Samstag, 7. April 2018

Pie & I (Aufstriche der Völkerverständigung)

Ich weiß noch ganz genau, wie ich als in vielerlei Hinsicht unbeleckter junger Erwachsener bzw. alter Jugendlicher zwecks Work-and-Travel-Semester im englischsprachigen Ausland am anderen Ende der Welt aufschlug. Beizeiten stellte sich die Essensfrage: Wie ernährt man sich hier (idealerweise gleichzeitig) kostengünstig, kalorienreich und exotisch? Die Antwort war schnell gefunden: mit Pasteten. Der Neuseeländer liebt seine meat pies über alles, sogar ein "Supreme Pie Award" wird alljährlich vergeben, und in jedem noch so engen 24-Stunden-Shop erwartet einen ein breites Angebot der zudem irrsinnig billigen Mikrowellen-Fleischkuchen. Mit gesunder Experimentierfreude fraß ich mich quer durch das Sortiment, verlustierte mich an sämtlichen Steakstreifen-Käse-Ei-Soße-Kartoffel-Kombinationen. Nur um alles, was mit minced meat bedruckt war, machte ich zunächst einen Bogen. Weil ich nämlich auch sprachlich unbeleckt war (ich glaubte u.a., icing und frosting hätte irgendwas mit tiefgekühlten Backwaren zu tun), übersetzte ich minced meat nicht mit "Hackfleisch", sondern mit "geminztes Fleisch", Fleisch mit Minze. Klar, Pfefferminzsoße kannte man ja aus "Asterix bei den Briten", aber so etwas tatsächlich verspeisen? Zum Glück erschloss sich mir alsbald die wahre Bedeutung, worauf sich die Palette der konsumierbaren Snacks von einem Augenblick auf den nächsten mir noch erweiterte. Nach wenigen Wochen hatte ich dann aber auch mehr als genug von herzhaften Pasteten, und heute muss ich würgen, wenn ich bloß daran denke.

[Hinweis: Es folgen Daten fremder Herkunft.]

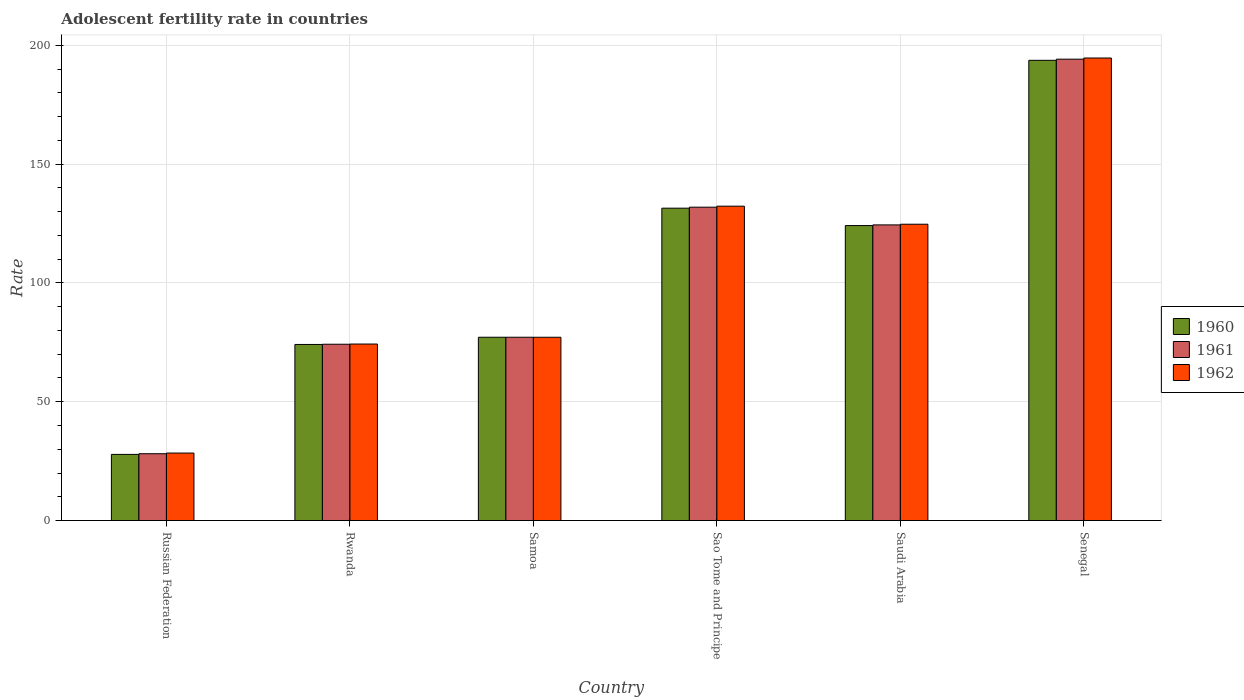How many different coloured bars are there?
Offer a very short reply. 3. Are the number of bars per tick equal to the number of legend labels?
Offer a terse response. Yes. What is the label of the 2nd group of bars from the left?
Give a very brief answer. Rwanda. In how many cases, is the number of bars for a given country not equal to the number of legend labels?
Make the answer very short. 0. What is the adolescent fertility rate in 1961 in Russian Federation?
Provide a short and direct response. 28.13. Across all countries, what is the maximum adolescent fertility rate in 1960?
Provide a succinct answer. 193.68. Across all countries, what is the minimum adolescent fertility rate in 1960?
Your answer should be compact. 27.85. In which country was the adolescent fertility rate in 1961 maximum?
Your response must be concise. Senegal. In which country was the adolescent fertility rate in 1960 minimum?
Provide a short and direct response. Russian Federation. What is the total adolescent fertility rate in 1960 in the graph?
Your answer should be very brief. 628.39. What is the difference between the adolescent fertility rate in 1962 in Samoa and that in Senegal?
Offer a very short reply. -117.51. What is the difference between the adolescent fertility rate in 1961 in Sao Tome and Principe and the adolescent fertility rate in 1960 in Saudi Arabia?
Ensure brevity in your answer.  7.74. What is the average adolescent fertility rate in 1960 per country?
Your answer should be very brief. 104.73. What is the difference between the adolescent fertility rate of/in 1961 and adolescent fertility rate of/in 1960 in Senegal?
Ensure brevity in your answer.  0.49. What is the ratio of the adolescent fertility rate in 1961 in Russian Federation to that in Samoa?
Give a very brief answer. 0.36. Is the adolescent fertility rate in 1960 in Sao Tome and Principe less than that in Senegal?
Keep it short and to the point. Yes. Is the difference between the adolescent fertility rate in 1961 in Russian Federation and Senegal greater than the difference between the adolescent fertility rate in 1960 in Russian Federation and Senegal?
Ensure brevity in your answer.  No. What is the difference between the highest and the second highest adolescent fertility rate in 1960?
Make the answer very short. 62.22. What is the difference between the highest and the lowest adolescent fertility rate in 1961?
Give a very brief answer. 166.03. What does the 3rd bar from the left in Saudi Arabia represents?
Your response must be concise. 1962. How many bars are there?
Provide a succinct answer. 18. How many countries are there in the graph?
Offer a terse response. 6. What is the difference between two consecutive major ticks on the Y-axis?
Your answer should be very brief. 50. Does the graph contain any zero values?
Your answer should be very brief. No. Where does the legend appear in the graph?
Your response must be concise. Center right. How are the legend labels stacked?
Your answer should be compact. Vertical. What is the title of the graph?
Your response must be concise. Adolescent fertility rate in countries. Does "1974" appear as one of the legend labels in the graph?
Give a very brief answer. No. What is the label or title of the X-axis?
Your answer should be very brief. Country. What is the label or title of the Y-axis?
Make the answer very short. Rate. What is the Rate of 1960 in Russian Federation?
Offer a very short reply. 27.85. What is the Rate in 1961 in Russian Federation?
Offer a terse response. 28.13. What is the Rate in 1962 in Russian Federation?
Your answer should be compact. 28.42. What is the Rate of 1960 in Rwanda?
Ensure brevity in your answer.  74.11. What is the Rate in 1961 in Rwanda?
Provide a short and direct response. 74.2. What is the Rate of 1962 in Rwanda?
Make the answer very short. 74.29. What is the Rate in 1960 in Samoa?
Offer a very short reply. 77.15. What is the Rate of 1961 in Samoa?
Your answer should be very brief. 77.15. What is the Rate of 1962 in Samoa?
Offer a terse response. 77.14. What is the Rate in 1960 in Sao Tome and Principe?
Your response must be concise. 131.46. What is the Rate in 1961 in Sao Tome and Principe?
Your response must be concise. 131.88. What is the Rate in 1962 in Sao Tome and Principe?
Offer a terse response. 132.3. What is the Rate of 1960 in Saudi Arabia?
Ensure brevity in your answer.  124.14. What is the Rate of 1961 in Saudi Arabia?
Your answer should be very brief. 124.42. What is the Rate of 1962 in Saudi Arabia?
Your answer should be very brief. 124.7. What is the Rate of 1960 in Senegal?
Your response must be concise. 193.68. What is the Rate in 1961 in Senegal?
Your response must be concise. 194.17. What is the Rate of 1962 in Senegal?
Give a very brief answer. 194.66. Across all countries, what is the maximum Rate of 1960?
Offer a terse response. 193.68. Across all countries, what is the maximum Rate of 1961?
Keep it short and to the point. 194.17. Across all countries, what is the maximum Rate of 1962?
Make the answer very short. 194.66. Across all countries, what is the minimum Rate in 1960?
Provide a succinct answer. 27.85. Across all countries, what is the minimum Rate in 1961?
Your answer should be compact. 28.13. Across all countries, what is the minimum Rate in 1962?
Your answer should be compact. 28.42. What is the total Rate of 1960 in the graph?
Make the answer very short. 628.39. What is the total Rate of 1961 in the graph?
Offer a terse response. 629.95. What is the total Rate in 1962 in the graph?
Give a very brief answer. 631.51. What is the difference between the Rate of 1960 in Russian Federation and that in Rwanda?
Ensure brevity in your answer.  -46.26. What is the difference between the Rate of 1961 in Russian Federation and that in Rwanda?
Your response must be concise. -46.07. What is the difference between the Rate in 1962 in Russian Federation and that in Rwanda?
Offer a very short reply. -45.88. What is the difference between the Rate of 1960 in Russian Federation and that in Samoa?
Your response must be concise. -49.3. What is the difference between the Rate in 1961 in Russian Federation and that in Samoa?
Offer a terse response. -49.01. What is the difference between the Rate in 1962 in Russian Federation and that in Samoa?
Offer a very short reply. -48.73. What is the difference between the Rate of 1960 in Russian Federation and that in Sao Tome and Principe?
Your answer should be compact. -103.61. What is the difference between the Rate in 1961 in Russian Federation and that in Sao Tome and Principe?
Provide a short and direct response. -103.75. What is the difference between the Rate of 1962 in Russian Federation and that in Sao Tome and Principe?
Provide a succinct answer. -103.88. What is the difference between the Rate in 1960 in Russian Federation and that in Saudi Arabia?
Offer a very short reply. -96.29. What is the difference between the Rate in 1961 in Russian Federation and that in Saudi Arabia?
Your answer should be compact. -96.29. What is the difference between the Rate of 1962 in Russian Federation and that in Saudi Arabia?
Offer a terse response. -96.29. What is the difference between the Rate in 1960 in Russian Federation and that in Senegal?
Keep it short and to the point. -165.83. What is the difference between the Rate of 1961 in Russian Federation and that in Senegal?
Offer a very short reply. -166.03. What is the difference between the Rate in 1962 in Russian Federation and that in Senegal?
Ensure brevity in your answer.  -166.24. What is the difference between the Rate in 1960 in Rwanda and that in Samoa?
Ensure brevity in your answer.  -3.04. What is the difference between the Rate in 1961 in Rwanda and that in Samoa?
Your answer should be compact. -2.94. What is the difference between the Rate of 1962 in Rwanda and that in Samoa?
Give a very brief answer. -2.85. What is the difference between the Rate of 1960 in Rwanda and that in Sao Tome and Principe?
Keep it short and to the point. -57.35. What is the difference between the Rate in 1961 in Rwanda and that in Sao Tome and Principe?
Your answer should be very brief. -57.68. What is the difference between the Rate of 1962 in Rwanda and that in Sao Tome and Principe?
Make the answer very short. -58.01. What is the difference between the Rate of 1960 in Rwanda and that in Saudi Arabia?
Offer a very short reply. -50.03. What is the difference between the Rate in 1961 in Rwanda and that in Saudi Arabia?
Give a very brief answer. -50.22. What is the difference between the Rate of 1962 in Rwanda and that in Saudi Arabia?
Provide a short and direct response. -50.41. What is the difference between the Rate in 1960 in Rwanda and that in Senegal?
Give a very brief answer. -119.57. What is the difference between the Rate of 1961 in Rwanda and that in Senegal?
Provide a short and direct response. -119.97. What is the difference between the Rate in 1962 in Rwanda and that in Senegal?
Provide a short and direct response. -120.36. What is the difference between the Rate in 1960 in Samoa and that in Sao Tome and Principe?
Offer a very short reply. -54.31. What is the difference between the Rate of 1961 in Samoa and that in Sao Tome and Principe?
Provide a succinct answer. -54.73. What is the difference between the Rate of 1962 in Samoa and that in Sao Tome and Principe?
Your answer should be compact. -55.16. What is the difference between the Rate in 1960 in Samoa and that in Saudi Arabia?
Your response must be concise. -46.99. What is the difference between the Rate in 1961 in Samoa and that in Saudi Arabia?
Keep it short and to the point. -47.28. What is the difference between the Rate of 1962 in Samoa and that in Saudi Arabia?
Keep it short and to the point. -47.56. What is the difference between the Rate of 1960 in Samoa and that in Senegal?
Keep it short and to the point. -116.53. What is the difference between the Rate of 1961 in Samoa and that in Senegal?
Keep it short and to the point. -117.02. What is the difference between the Rate in 1962 in Samoa and that in Senegal?
Make the answer very short. -117.51. What is the difference between the Rate of 1960 in Sao Tome and Principe and that in Saudi Arabia?
Give a very brief answer. 7.32. What is the difference between the Rate of 1961 in Sao Tome and Principe and that in Saudi Arabia?
Your answer should be very brief. 7.46. What is the difference between the Rate of 1962 in Sao Tome and Principe and that in Saudi Arabia?
Your answer should be compact. 7.6. What is the difference between the Rate of 1960 in Sao Tome and Principe and that in Senegal?
Your answer should be compact. -62.22. What is the difference between the Rate in 1961 in Sao Tome and Principe and that in Senegal?
Ensure brevity in your answer.  -62.29. What is the difference between the Rate of 1962 in Sao Tome and Principe and that in Senegal?
Ensure brevity in your answer.  -62.35. What is the difference between the Rate in 1960 in Saudi Arabia and that in Senegal?
Your answer should be compact. -69.54. What is the difference between the Rate of 1961 in Saudi Arabia and that in Senegal?
Provide a short and direct response. -69.75. What is the difference between the Rate in 1962 in Saudi Arabia and that in Senegal?
Offer a terse response. -69.95. What is the difference between the Rate in 1960 in Russian Federation and the Rate in 1961 in Rwanda?
Keep it short and to the point. -46.35. What is the difference between the Rate in 1960 in Russian Federation and the Rate in 1962 in Rwanda?
Provide a succinct answer. -46.44. What is the difference between the Rate in 1961 in Russian Federation and the Rate in 1962 in Rwanda?
Ensure brevity in your answer.  -46.16. What is the difference between the Rate of 1960 in Russian Federation and the Rate of 1961 in Samoa?
Make the answer very short. -49.29. What is the difference between the Rate in 1960 in Russian Federation and the Rate in 1962 in Samoa?
Make the answer very short. -49.29. What is the difference between the Rate in 1961 in Russian Federation and the Rate in 1962 in Samoa?
Your response must be concise. -49.01. What is the difference between the Rate in 1960 in Russian Federation and the Rate in 1961 in Sao Tome and Principe?
Offer a terse response. -104.03. What is the difference between the Rate of 1960 in Russian Federation and the Rate of 1962 in Sao Tome and Principe?
Offer a terse response. -104.45. What is the difference between the Rate in 1961 in Russian Federation and the Rate in 1962 in Sao Tome and Principe?
Provide a short and direct response. -104.17. What is the difference between the Rate in 1960 in Russian Federation and the Rate in 1961 in Saudi Arabia?
Your answer should be compact. -96.57. What is the difference between the Rate of 1960 in Russian Federation and the Rate of 1962 in Saudi Arabia?
Your response must be concise. -96.85. What is the difference between the Rate in 1961 in Russian Federation and the Rate in 1962 in Saudi Arabia?
Make the answer very short. -96.57. What is the difference between the Rate in 1960 in Russian Federation and the Rate in 1961 in Senegal?
Offer a terse response. -166.32. What is the difference between the Rate in 1960 in Russian Federation and the Rate in 1962 in Senegal?
Your response must be concise. -166.8. What is the difference between the Rate of 1961 in Russian Federation and the Rate of 1962 in Senegal?
Provide a short and direct response. -166.52. What is the difference between the Rate in 1960 in Rwanda and the Rate in 1961 in Samoa?
Keep it short and to the point. -3.04. What is the difference between the Rate of 1960 in Rwanda and the Rate of 1962 in Samoa?
Your answer should be very brief. -3.03. What is the difference between the Rate in 1961 in Rwanda and the Rate in 1962 in Samoa?
Your response must be concise. -2.94. What is the difference between the Rate in 1960 in Rwanda and the Rate in 1961 in Sao Tome and Principe?
Offer a very short reply. -57.77. What is the difference between the Rate of 1960 in Rwanda and the Rate of 1962 in Sao Tome and Principe?
Your answer should be very brief. -58.19. What is the difference between the Rate of 1961 in Rwanda and the Rate of 1962 in Sao Tome and Principe?
Your response must be concise. -58.1. What is the difference between the Rate in 1960 in Rwanda and the Rate in 1961 in Saudi Arabia?
Make the answer very short. -50.31. What is the difference between the Rate in 1960 in Rwanda and the Rate in 1962 in Saudi Arabia?
Provide a short and direct response. -50.59. What is the difference between the Rate in 1961 in Rwanda and the Rate in 1962 in Saudi Arabia?
Keep it short and to the point. -50.5. What is the difference between the Rate of 1960 in Rwanda and the Rate of 1961 in Senegal?
Your answer should be very brief. -120.06. What is the difference between the Rate of 1960 in Rwanda and the Rate of 1962 in Senegal?
Offer a terse response. -120.54. What is the difference between the Rate in 1961 in Rwanda and the Rate in 1962 in Senegal?
Your response must be concise. -120.45. What is the difference between the Rate of 1960 in Samoa and the Rate of 1961 in Sao Tome and Principe?
Your answer should be compact. -54.73. What is the difference between the Rate of 1960 in Samoa and the Rate of 1962 in Sao Tome and Principe?
Make the answer very short. -55.15. What is the difference between the Rate in 1961 in Samoa and the Rate in 1962 in Sao Tome and Principe?
Give a very brief answer. -55.15. What is the difference between the Rate of 1960 in Samoa and the Rate of 1961 in Saudi Arabia?
Make the answer very short. -47.27. What is the difference between the Rate of 1960 in Samoa and the Rate of 1962 in Saudi Arabia?
Ensure brevity in your answer.  -47.56. What is the difference between the Rate of 1961 in Samoa and the Rate of 1962 in Saudi Arabia?
Your answer should be compact. -47.56. What is the difference between the Rate in 1960 in Samoa and the Rate in 1961 in Senegal?
Provide a succinct answer. -117.02. What is the difference between the Rate in 1960 in Samoa and the Rate in 1962 in Senegal?
Your response must be concise. -117.51. What is the difference between the Rate in 1961 in Samoa and the Rate in 1962 in Senegal?
Ensure brevity in your answer.  -117.51. What is the difference between the Rate in 1960 in Sao Tome and Principe and the Rate in 1961 in Saudi Arabia?
Your answer should be compact. 7.04. What is the difference between the Rate of 1960 in Sao Tome and Principe and the Rate of 1962 in Saudi Arabia?
Offer a very short reply. 6.76. What is the difference between the Rate in 1961 in Sao Tome and Principe and the Rate in 1962 in Saudi Arabia?
Give a very brief answer. 7.18. What is the difference between the Rate in 1960 in Sao Tome and Principe and the Rate in 1961 in Senegal?
Offer a terse response. -62.71. What is the difference between the Rate in 1960 in Sao Tome and Principe and the Rate in 1962 in Senegal?
Provide a short and direct response. -63.2. What is the difference between the Rate in 1961 in Sao Tome and Principe and the Rate in 1962 in Senegal?
Your answer should be compact. -62.77. What is the difference between the Rate in 1960 in Saudi Arabia and the Rate in 1961 in Senegal?
Give a very brief answer. -70.03. What is the difference between the Rate in 1960 in Saudi Arabia and the Rate in 1962 in Senegal?
Your answer should be very brief. -70.51. What is the difference between the Rate of 1961 in Saudi Arabia and the Rate of 1962 in Senegal?
Provide a short and direct response. -70.23. What is the average Rate in 1960 per country?
Your response must be concise. 104.73. What is the average Rate of 1961 per country?
Keep it short and to the point. 104.99. What is the average Rate of 1962 per country?
Make the answer very short. 105.25. What is the difference between the Rate of 1960 and Rate of 1961 in Russian Federation?
Your response must be concise. -0.28. What is the difference between the Rate of 1960 and Rate of 1962 in Russian Federation?
Offer a very short reply. -0.57. What is the difference between the Rate of 1961 and Rate of 1962 in Russian Federation?
Your response must be concise. -0.28. What is the difference between the Rate in 1960 and Rate in 1961 in Rwanda?
Offer a very short reply. -0.09. What is the difference between the Rate in 1960 and Rate in 1962 in Rwanda?
Ensure brevity in your answer.  -0.18. What is the difference between the Rate in 1961 and Rate in 1962 in Rwanda?
Your answer should be very brief. -0.09. What is the difference between the Rate in 1960 and Rate in 1961 in Samoa?
Give a very brief answer. 0. What is the difference between the Rate in 1960 and Rate in 1962 in Samoa?
Provide a short and direct response. 0. What is the difference between the Rate in 1961 and Rate in 1962 in Samoa?
Offer a very short reply. 0. What is the difference between the Rate of 1960 and Rate of 1961 in Sao Tome and Principe?
Give a very brief answer. -0.42. What is the difference between the Rate in 1960 and Rate in 1962 in Sao Tome and Principe?
Your response must be concise. -0.84. What is the difference between the Rate in 1961 and Rate in 1962 in Sao Tome and Principe?
Offer a very short reply. -0.42. What is the difference between the Rate of 1960 and Rate of 1961 in Saudi Arabia?
Provide a short and direct response. -0.28. What is the difference between the Rate in 1960 and Rate in 1962 in Saudi Arabia?
Your response must be concise. -0.56. What is the difference between the Rate of 1961 and Rate of 1962 in Saudi Arabia?
Offer a very short reply. -0.28. What is the difference between the Rate of 1960 and Rate of 1961 in Senegal?
Give a very brief answer. -0.49. What is the difference between the Rate of 1960 and Rate of 1962 in Senegal?
Offer a very short reply. -0.97. What is the difference between the Rate in 1961 and Rate in 1962 in Senegal?
Offer a very short reply. -0.49. What is the ratio of the Rate in 1960 in Russian Federation to that in Rwanda?
Your response must be concise. 0.38. What is the ratio of the Rate of 1961 in Russian Federation to that in Rwanda?
Make the answer very short. 0.38. What is the ratio of the Rate in 1962 in Russian Federation to that in Rwanda?
Ensure brevity in your answer.  0.38. What is the ratio of the Rate in 1960 in Russian Federation to that in Samoa?
Ensure brevity in your answer.  0.36. What is the ratio of the Rate of 1961 in Russian Federation to that in Samoa?
Offer a terse response. 0.36. What is the ratio of the Rate in 1962 in Russian Federation to that in Samoa?
Your response must be concise. 0.37. What is the ratio of the Rate in 1960 in Russian Federation to that in Sao Tome and Principe?
Offer a terse response. 0.21. What is the ratio of the Rate of 1961 in Russian Federation to that in Sao Tome and Principe?
Your answer should be very brief. 0.21. What is the ratio of the Rate of 1962 in Russian Federation to that in Sao Tome and Principe?
Offer a terse response. 0.21. What is the ratio of the Rate of 1960 in Russian Federation to that in Saudi Arabia?
Provide a succinct answer. 0.22. What is the ratio of the Rate in 1961 in Russian Federation to that in Saudi Arabia?
Your answer should be compact. 0.23. What is the ratio of the Rate in 1962 in Russian Federation to that in Saudi Arabia?
Provide a succinct answer. 0.23. What is the ratio of the Rate in 1960 in Russian Federation to that in Senegal?
Offer a terse response. 0.14. What is the ratio of the Rate of 1961 in Russian Federation to that in Senegal?
Your answer should be very brief. 0.14. What is the ratio of the Rate in 1962 in Russian Federation to that in Senegal?
Your response must be concise. 0.15. What is the ratio of the Rate in 1960 in Rwanda to that in Samoa?
Offer a terse response. 0.96. What is the ratio of the Rate of 1961 in Rwanda to that in Samoa?
Offer a very short reply. 0.96. What is the ratio of the Rate of 1962 in Rwanda to that in Samoa?
Keep it short and to the point. 0.96. What is the ratio of the Rate of 1960 in Rwanda to that in Sao Tome and Principe?
Keep it short and to the point. 0.56. What is the ratio of the Rate in 1961 in Rwanda to that in Sao Tome and Principe?
Offer a terse response. 0.56. What is the ratio of the Rate in 1962 in Rwanda to that in Sao Tome and Principe?
Provide a succinct answer. 0.56. What is the ratio of the Rate in 1960 in Rwanda to that in Saudi Arabia?
Provide a short and direct response. 0.6. What is the ratio of the Rate of 1961 in Rwanda to that in Saudi Arabia?
Ensure brevity in your answer.  0.6. What is the ratio of the Rate of 1962 in Rwanda to that in Saudi Arabia?
Your answer should be very brief. 0.6. What is the ratio of the Rate in 1960 in Rwanda to that in Senegal?
Your answer should be compact. 0.38. What is the ratio of the Rate in 1961 in Rwanda to that in Senegal?
Keep it short and to the point. 0.38. What is the ratio of the Rate of 1962 in Rwanda to that in Senegal?
Provide a succinct answer. 0.38. What is the ratio of the Rate of 1960 in Samoa to that in Sao Tome and Principe?
Keep it short and to the point. 0.59. What is the ratio of the Rate in 1961 in Samoa to that in Sao Tome and Principe?
Your response must be concise. 0.58. What is the ratio of the Rate in 1962 in Samoa to that in Sao Tome and Principe?
Provide a succinct answer. 0.58. What is the ratio of the Rate in 1960 in Samoa to that in Saudi Arabia?
Your response must be concise. 0.62. What is the ratio of the Rate in 1961 in Samoa to that in Saudi Arabia?
Make the answer very short. 0.62. What is the ratio of the Rate of 1962 in Samoa to that in Saudi Arabia?
Give a very brief answer. 0.62. What is the ratio of the Rate of 1960 in Samoa to that in Senegal?
Offer a terse response. 0.4. What is the ratio of the Rate in 1961 in Samoa to that in Senegal?
Give a very brief answer. 0.4. What is the ratio of the Rate in 1962 in Samoa to that in Senegal?
Offer a very short reply. 0.4. What is the ratio of the Rate of 1960 in Sao Tome and Principe to that in Saudi Arabia?
Offer a very short reply. 1.06. What is the ratio of the Rate of 1961 in Sao Tome and Principe to that in Saudi Arabia?
Keep it short and to the point. 1.06. What is the ratio of the Rate in 1962 in Sao Tome and Principe to that in Saudi Arabia?
Provide a short and direct response. 1.06. What is the ratio of the Rate of 1960 in Sao Tome and Principe to that in Senegal?
Make the answer very short. 0.68. What is the ratio of the Rate of 1961 in Sao Tome and Principe to that in Senegal?
Give a very brief answer. 0.68. What is the ratio of the Rate of 1962 in Sao Tome and Principe to that in Senegal?
Your answer should be compact. 0.68. What is the ratio of the Rate in 1960 in Saudi Arabia to that in Senegal?
Provide a short and direct response. 0.64. What is the ratio of the Rate in 1961 in Saudi Arabia to that in Senegal?
Offer a terse response. 0.64. What is the ratio of the Rate in 1962 in Saudi Arabia to that in Senegal?
Ensure brevity in your answer.  0.64. What is the difference between the highest and the second highest Rate in 1960?
Provide a succinct answer. 62.22. What is the difference between the highest and the second highest Rate of 1961?
Make the answer very short. 62.29. What is the difference between the highest and the second highest Rate in 1962?
Offer a terse response. 62.35. What is the difference between the highest and the lowest Rate in 1960?
Your response must be concise. 165.83. What is the difference between the highest and the lowest Rate of 1961?
Your answer should be compact. 166.03. What is the difference between the highest and the lowest Rate of 1962?
Your answer should be compact. 166.24.

Letzte Woche nun verschlug es mich in das Wiener Feinkostgeschäft "Julius Meinl am Graben". Dort entdeckte ich im UK-Regal ein Glas mit der Aufschrift Mince Pie Filling. Iiiiiihhh, dachte ich und besah mir das Erzeugnis genauer. Es handelt sich um einen Aufstrich, der überhaupt kein Fleisch enthält, sondern lediglich die süßen Bestandteile dessen, was in England zur Weihnachtszeit als mince pie gereicht wird: ein Mürbe- oder Blätterteiggebäck, das mit einer dunklen Masse aus Apfelstückchen, Sultaninen, Rosinen, getrockneten Orangen und anderem saisonalen Fruchtzeugs gefüllt ist. Interessanterweise sahen ursprüngliche Rezepte noch bis ins 19. Jahrhundert tatsächlich Fleisch als Bestandteil vor, wie ich später nachlas. Deshalb verweist der Name auch heute noch auf mincemeat, während die mir anno 2003 liebgewonnenen Pasteten mit minced meat völlig obstfrei waren. ("In other contexts mincemeat refers to minced or ground meat." Wikipedia. Ohne Verwirrung geht's halt nicht.) Das komplett vegane und schmerzhaft teure Importprodukt habe ich mitgenommen und heute endlich zum Frühstück probiert.


Es schmeckt weniger weihnachtlich und weniger süß, als ich vermutet hatte. Für Leute mit Rosinen-Abneigung (von denen es, wie ich weiß, leider viele gibt) ist der würzige Aufstrich freilich nix, denn Rosinen machen den Hauptbestandteil aus. Leckere Molasse hält das Gemisch zusammen und gibt ihm seine dunkle Farbe, die an Jersey Black Butter erinnert. 

Herrje, wieso habe ich eigentlich in diesem Blog nie auf diese Spezialität der Kanalinseln hingewiesen? Also, in aller Kürze: Jersey Black Butter hat mit Butter nichts zu tun, sondern ist eine Art Apfelkraut mit Jersey Cider, Nelken, Zimt und und und. Besser streichfähig, da nicht stückig, hat sie mich – auch geschmacklich – sogar noch mehr angesprochen als der Mince-Pie-spread, doch ach!, diesseits des Channels habe ich das schwarze Gold noch nie erspäht.